2) by the control interval belonging relation between sentence node, the forerunner established between each node and follow-up pass
System.For the sentence node obtained in 1),
(1) node 0 is ENTER nodes;
(2) node is changed exemplified by node 1, because it is ENTER that it, which controls node, the forerunner of node 1 includes node 0, knot
The follow-up of point 0 includes node 1;
(3) node is changed exemplified by node 2, because it is ENTER that it, which controls node, the forerunner of node 2 includes node 0, knot
The follow-up of point 0 includes node 2;
(4) node 3 is always nodes, because it is ENTER that it, which controls node, the forerunner of node 3 includes node 0,
The follow-up of node 0 includes node 3;
(5) node 4 is if nodes, because it is node 3 that it, which controls node, the forerunner of node 4 includes node 3, node 3
Follow-up include node 4;
(6) node 5 is obstruction assignment node, because it is node 4 that it, which controls node, the forerunner of node 5 includes node
4, the follow-up of node 4 includes node 5;
(7) node 6 is else nodes, because it is node 4 that it, which controls node, the forerunner of node 6 includes node 4, knot
The follow-up of point 4 includes node 6;
(8) node 7 is obstruction assignment node, because it is node 6 that it, which controls node, the forerunner of node 7 includes node
6, the follow-up of node 6 includes node 7;
(9) node 8 is if statement interlude end nodes, because it is node 4 that it, which controls node, the forerunner of node 8 includes
Node 5 and 7, the follow-up of node 5 include node 8, and the follow-up of node 7 includes node 8;
(10) node 9 is always statement interlude end nodes, because it is node 3 that it, which controls node, the forerunner of node 9
Comprising node 8, the follow-up of node 8 includes node 9;
(11) by that analogy, the forerunner of all sentence nodes and follow-up relation are obtained.

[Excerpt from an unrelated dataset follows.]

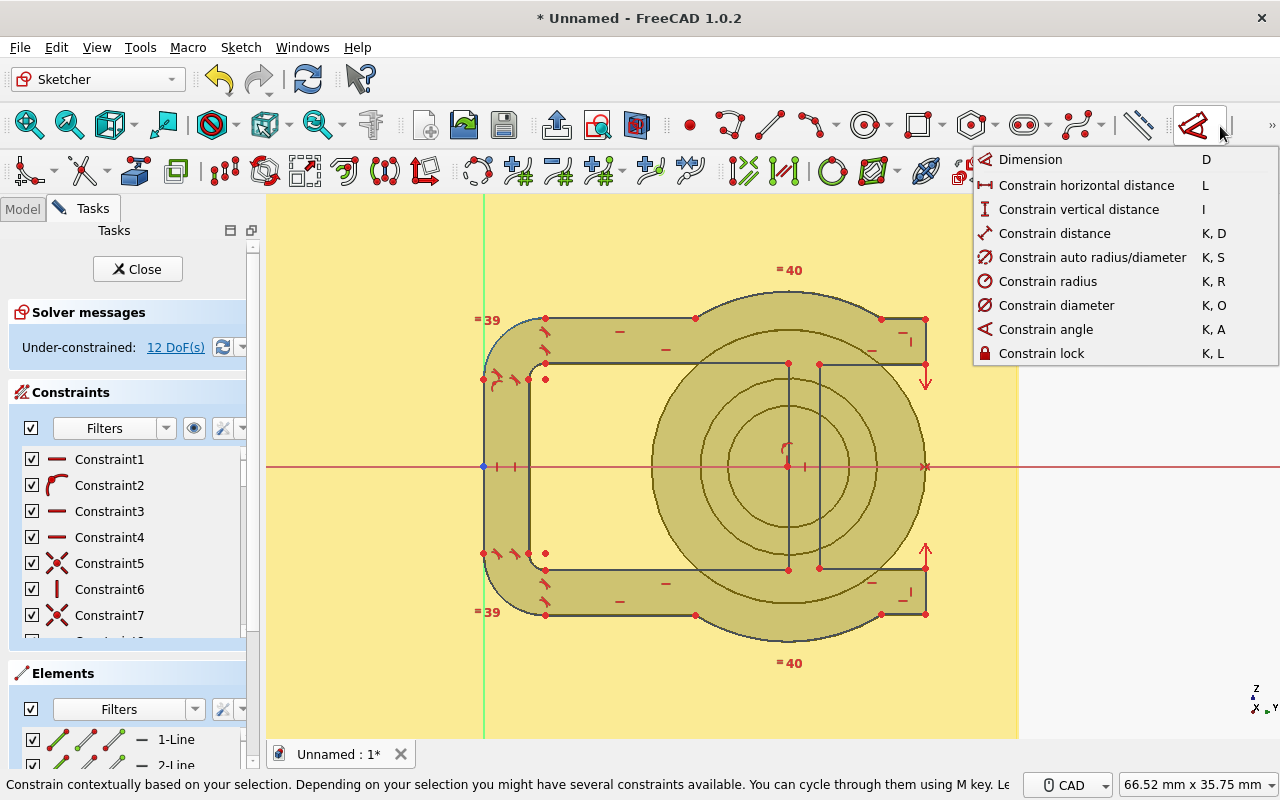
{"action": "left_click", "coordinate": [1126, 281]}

3) traveled through according to breadth first algorithm, finally obtain the controlling stream graph of uart.v as shown in figures 5-9.Fig. 5-
Numerical value in 9 represents line number of the sentence node in source code, and ENTER represents the line number that code starts, and EXIT nodes represent generation
The line number that code terminates.
4) u_ximt.v, u_rec.v controlling stream graph are obtained with method.

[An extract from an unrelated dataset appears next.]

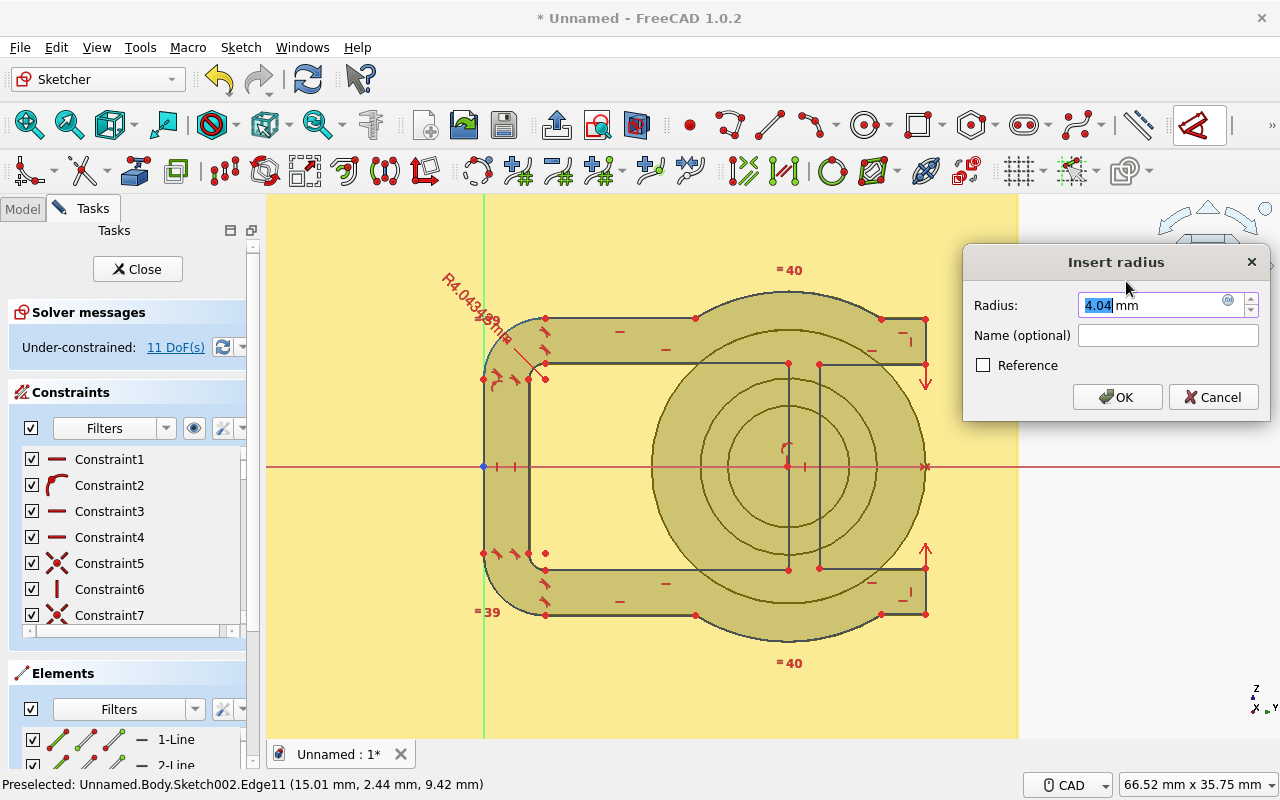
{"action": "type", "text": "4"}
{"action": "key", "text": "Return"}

Step 2:Concurrent semiology analysis
1) if example module, then recursive concurrent semiology analysis is carried out to each example module file.Then
Uart.v two example sentences can cause the concurrent semiology analysis to two files of u_ximt.v and u_rec.v;
For the concurrent semiology analysis of u_ximt.v files, its result by recursive call return to uart.v files and
Send out Symbolic Execution (in order to effectively distinguish the variable in disparate modules file, set the form of variable name as:Module
Name _ M_ original variable names, such as the variable sys_clk in former u_xmit.v, it is changed to u_xmit_M_sys_clk).

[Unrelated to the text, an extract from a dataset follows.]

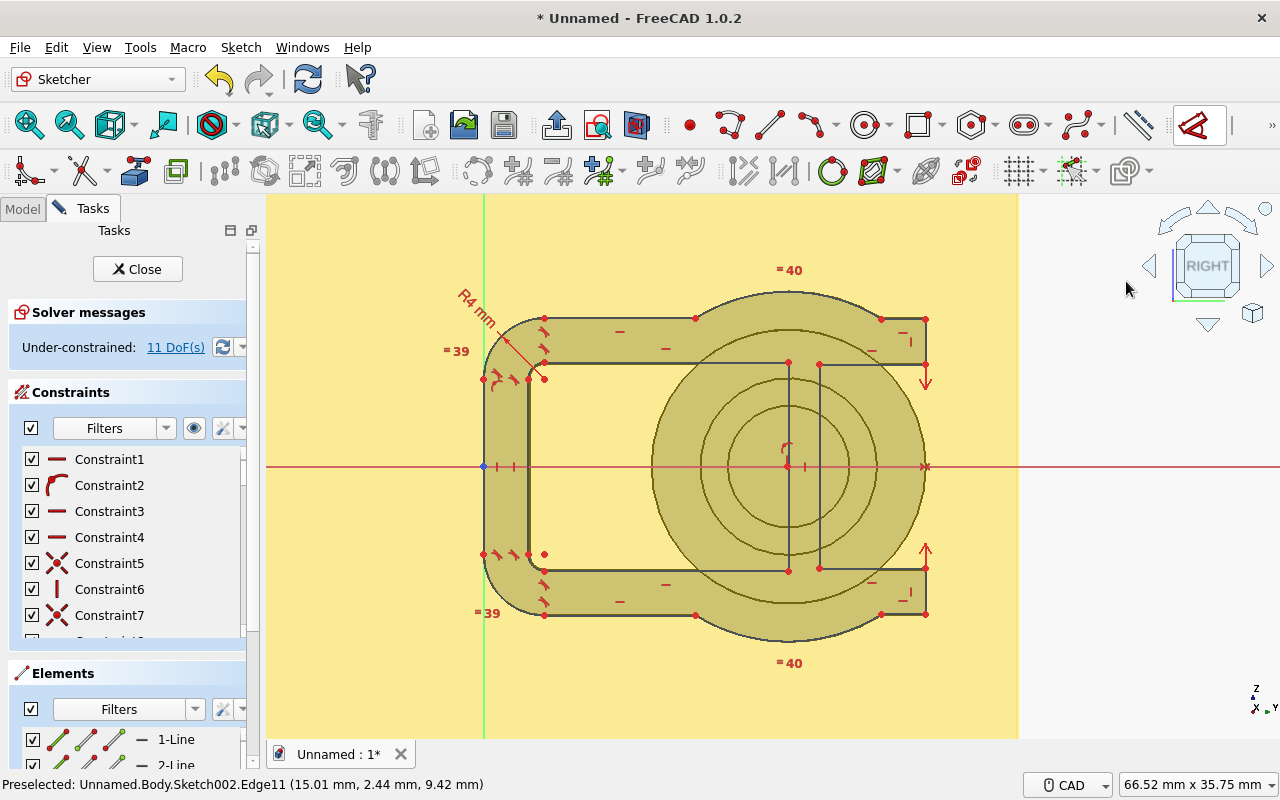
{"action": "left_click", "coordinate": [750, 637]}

2) by uart.v file 63-69 rows, it is as follows to analyze port mapping relationship:
u_xmit_M_sys_clk<->uart_M_sys_clk
u_xmit_M_sys_rst_l<->uart_M_sys_rst_l
u_xmit_M_uart_xmitH<->uart_M_uart_XMIT_dataH
u_xmit_M_xmitH<->uart_M_xmitH
u_xmit_M_xmit_dataH<->uart_M_xmit_dataH
u_xmit_M_xmit_doneH<->uart_M_xmit_doneH
The change being substituted for u_ximt.v implementing result according to port mapping relationship obtained above in uart.v files
Amount.
By uart.v file 71-77 rows, it is as follows to analyze port mapping relationship:
u_rec_M_sys_rst_l<->uart_M_sys_rst_l
u_rec_M_sys_clk<->uart_M_sys_clk
u_rec_M_uart_dataH<->uart_M_uart_REC_dataH
u_rec_M_rec_dataH<->uart_M_rec_dataH_rec
u_rec_M_rec_readyH<->uart_M_rec_readyH
The change being substituted for u_rec.v implementing result according to port mapping relationship obtained above in uart.v files
Amount.
The concurrent remaining always statement interludes of semiology analysis and continuous assignment statement, return corresponding to output variable<pc,
exp>Set is as follows:
The result of always statement interludes and continuous assignment statement in one verilog file of concurrent semiology analysis is as follows
(multi-thread concurrent, which performs, has certain randomness, and the order of each sub-line journey operation is not necessarily identical every time, but correlated variables
Between constraint perform be constant.Numerical value in table represents that operation sentence corresponds to the line number in source code):
Table 1:The process of the concurrent semiology analysis of u_ximt.v
Table 2:The process of the concurrent semiology analysis of u_rec.v
Table 3:The process of the concurrent semiology analysis of uart.v
Return<pc,exp>Result 594 altogether, form is as follows:
Pc=(and true (=(bvnot uart_M_sys_rst_l) (_ bv1 0))),
Exp=uart_M_rec_dataH=#b00000000
Wherein, pc and exp is SMT-LIBv2 grammatical form
Step 3:Satisfiability solving
1) take out what is obtained in step 2 one by one<pc,exp>In path condition pc;
2) satisfiability solving is carried out to pc sentences;
If 3) pc can be solved, the input variable value solved is obtained, is skipped to 1);Otherwise disregard
Finally obtain the pc that can be solved.Uart_M_rec_dataH obtains 3 satiable solutions, uart_M_uart_
XMIT_dataH obtains 6 satiable solutions, and uart_M_xmit_doneH obtains 5 satiable solutions, uart_M_
Rec_readyH obtains 5 satiable solutions.
Step 4:Obtain input variable vector corresponding to each output variable solution.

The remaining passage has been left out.